Finalized just in time to avert a partial state government shut-down, negotiators from the House and Senate reached a deal on our state’s biennial budget. Their work was cut out for them this year between the need to meet the McCleary mandate and the challenges of a divided government. We were pleased overall by our state’s investments in critical basic needs programs and were encouraged to see new revenue, but were disappointed that the legislature declined to raise revenue from progressive sources.
Some highlights of the budget include:
- Redefining Temporary Assistance for Needy Families (TANF)’s work requirements to allow for up to two years of vocational education, creating more access for parents on TANF to get a credential from a community or technical college (aka our TANF 24 campaign).
- Increasing the TANF grant by 2.5%, meaning $15 more in the pocket of a family of four to meet their basic needs each month. While we still haven’t fully restored the 2011 cut, we have managed to increase the TANF grant steadily over the last several years. And it was no small feat given this year’s budget climate!
- Increasing the funding for civil legal aid by $4.8 million, an important first step in ensuring access to justice for low-income Washingtonians. This amount does not fully close the gap in need so we will continue to advocate investment in this critical service.

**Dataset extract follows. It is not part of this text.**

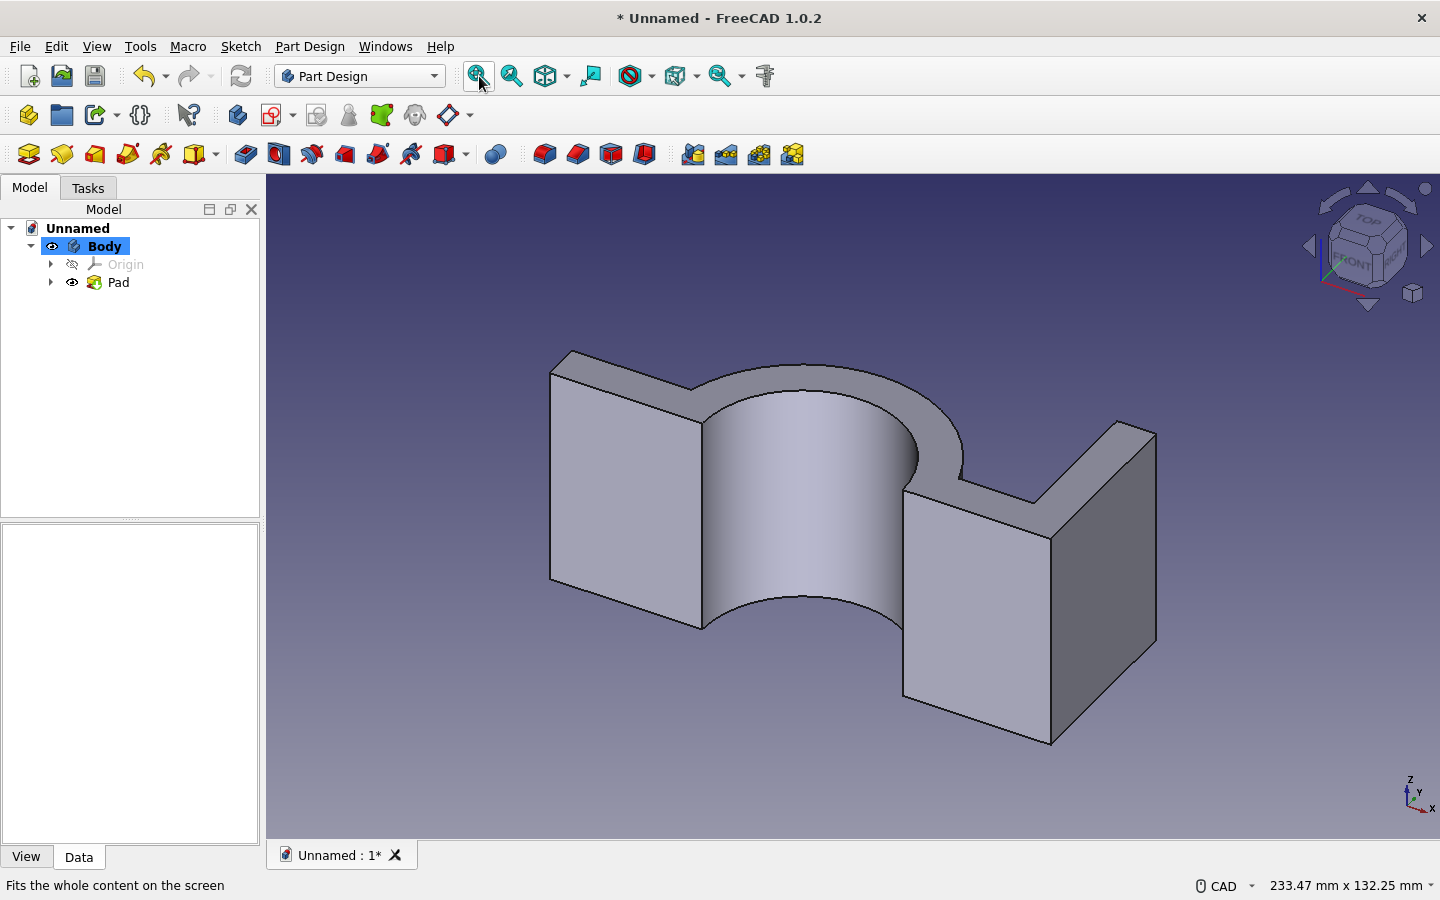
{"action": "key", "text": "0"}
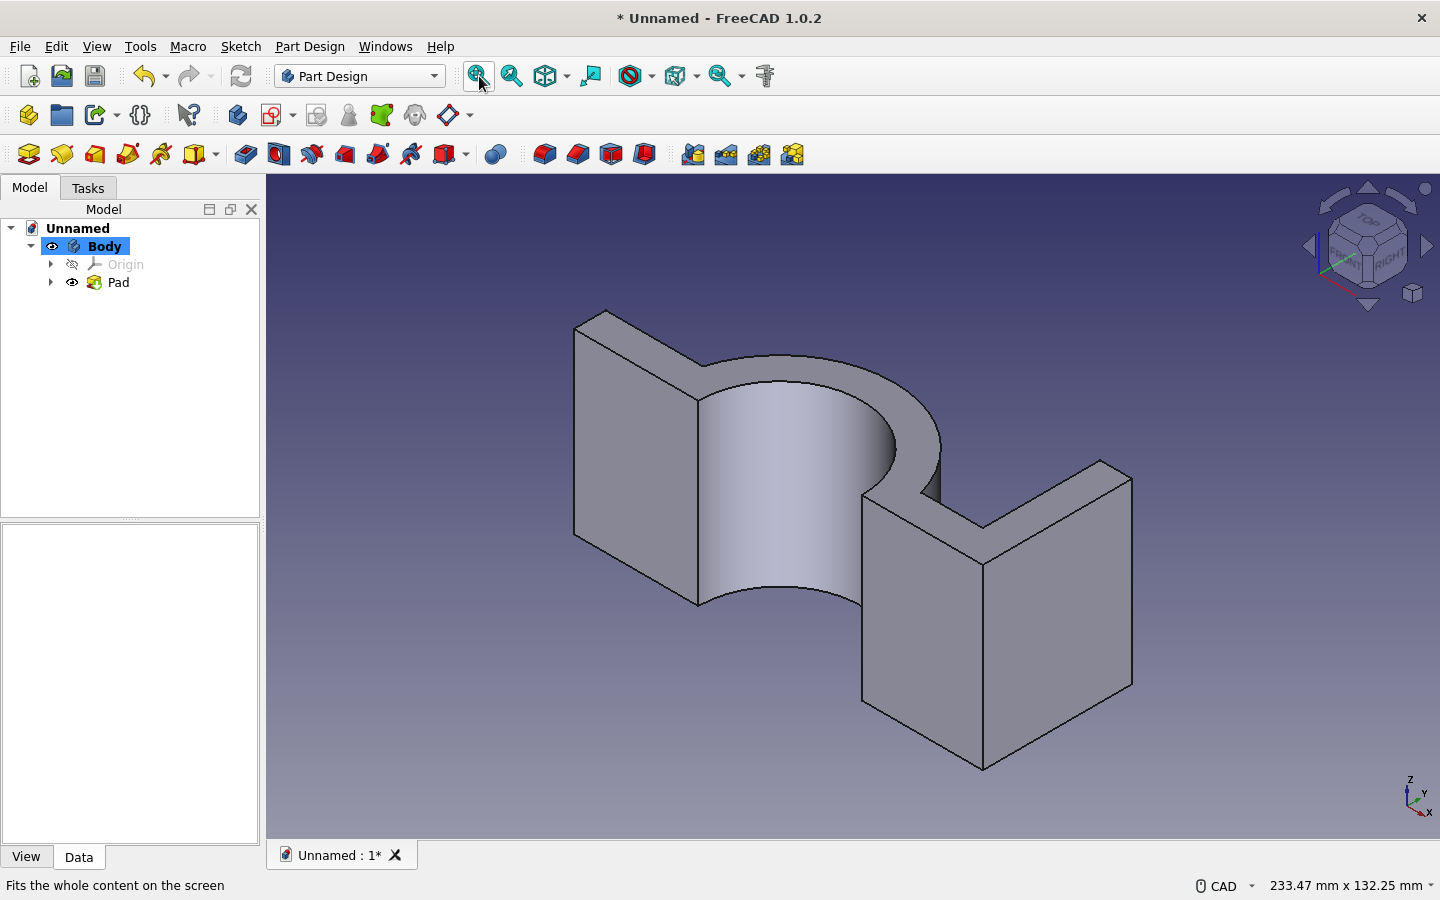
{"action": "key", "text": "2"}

- Investing in a Dental Pilot Project to allow greater access to care for Medicaid patients with diabetes and/or who are pregnant in three rural counties — Yakima, Cowlitz, and Adams.

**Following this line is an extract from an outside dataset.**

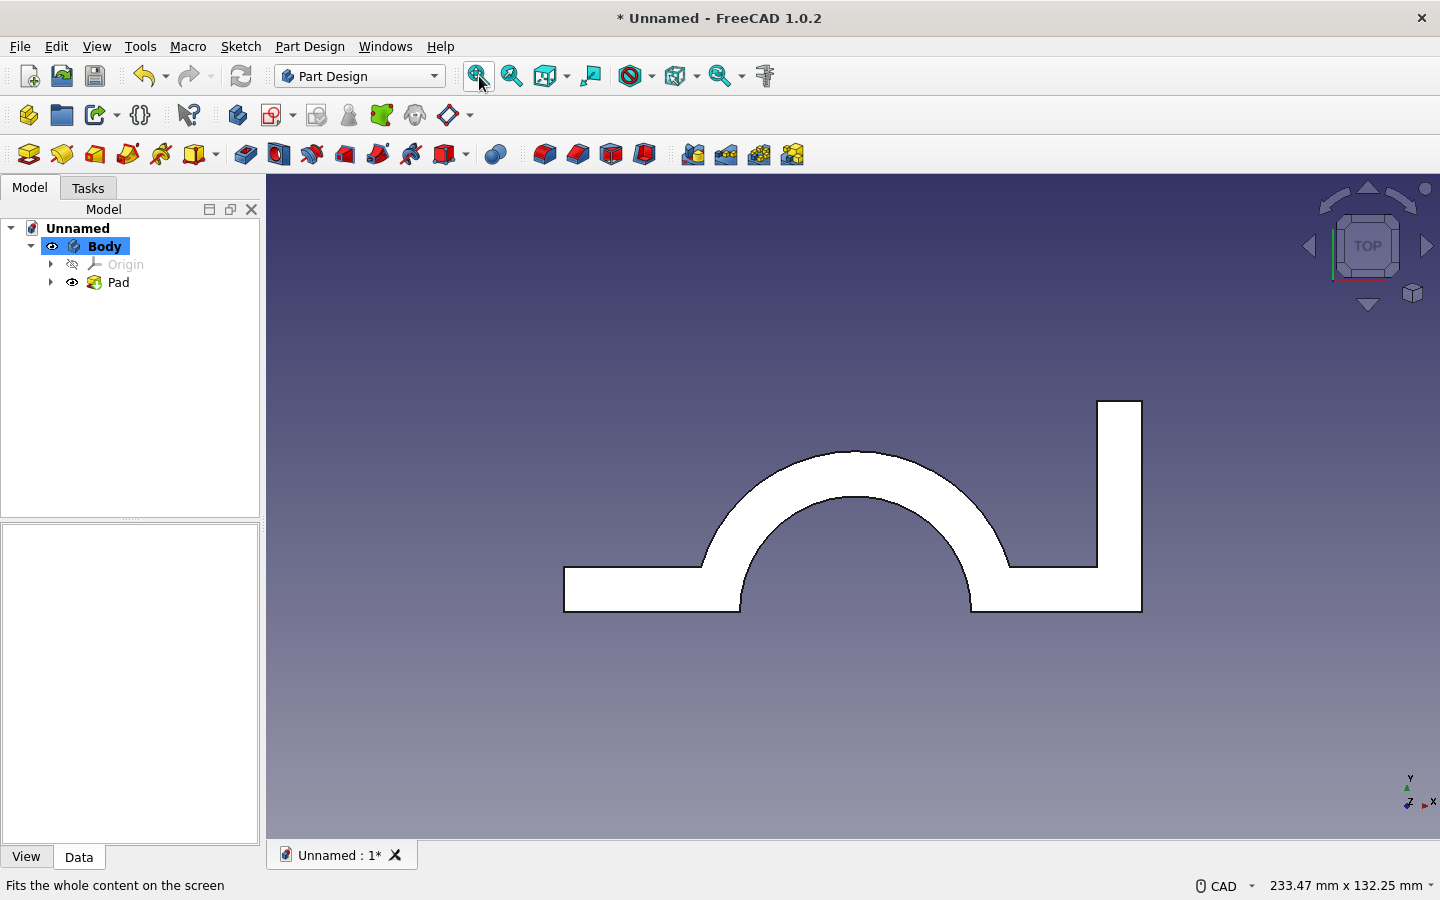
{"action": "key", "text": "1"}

- No big cuts vital basic need programs. Despite the threat of deep cuts to our safety net programs for families and people with disabilities in the Senate budget, our advocacy ensured no grant reductions or eligibility restrictions to basic needs programs, including TANF, Working Connections Child Care, Housing & Essential Needs (HEN), the Aged, Blind & Disabled (ABD) grant, and State Food Assistance.
Read our analysis of the final budget here.
About that revenue
The state will raise an addition $7.4 billion over the next four years as follows:
The majority of the funds will come from increased property taxes. An estimated $6.6 billion will be generated by increasing the state property tax rate to $2.70 of assessed property value.
Another $1.3 billion is generated by closing tax loopholes by: 1) taxing out of state internet sales; 2) allowing sales tax to apply to bottle waters and certain fuels; and 3) applying a business and occupation tax to out-of-state retailers that aren’t physically present in Washington (like ebay). In a piece of good news, the Governor also vetoed two big tax breaks to large corporations in manufacturing and coal-energy that to the tune of at least 40 million/year.
While we applaud the raising of new revenue, the way the revenue was raised does not increase equity in the state. The property tax is a mixed bag, hitting some middle income homeowners hard. Taxing assets like capital gains for the wealthiest households in our state and closing large tax loopholes would be much more equitable, sustainable solutions to our state revenue needs. We will keep advocating for fair revenue options in the years to come to invest in all our communities.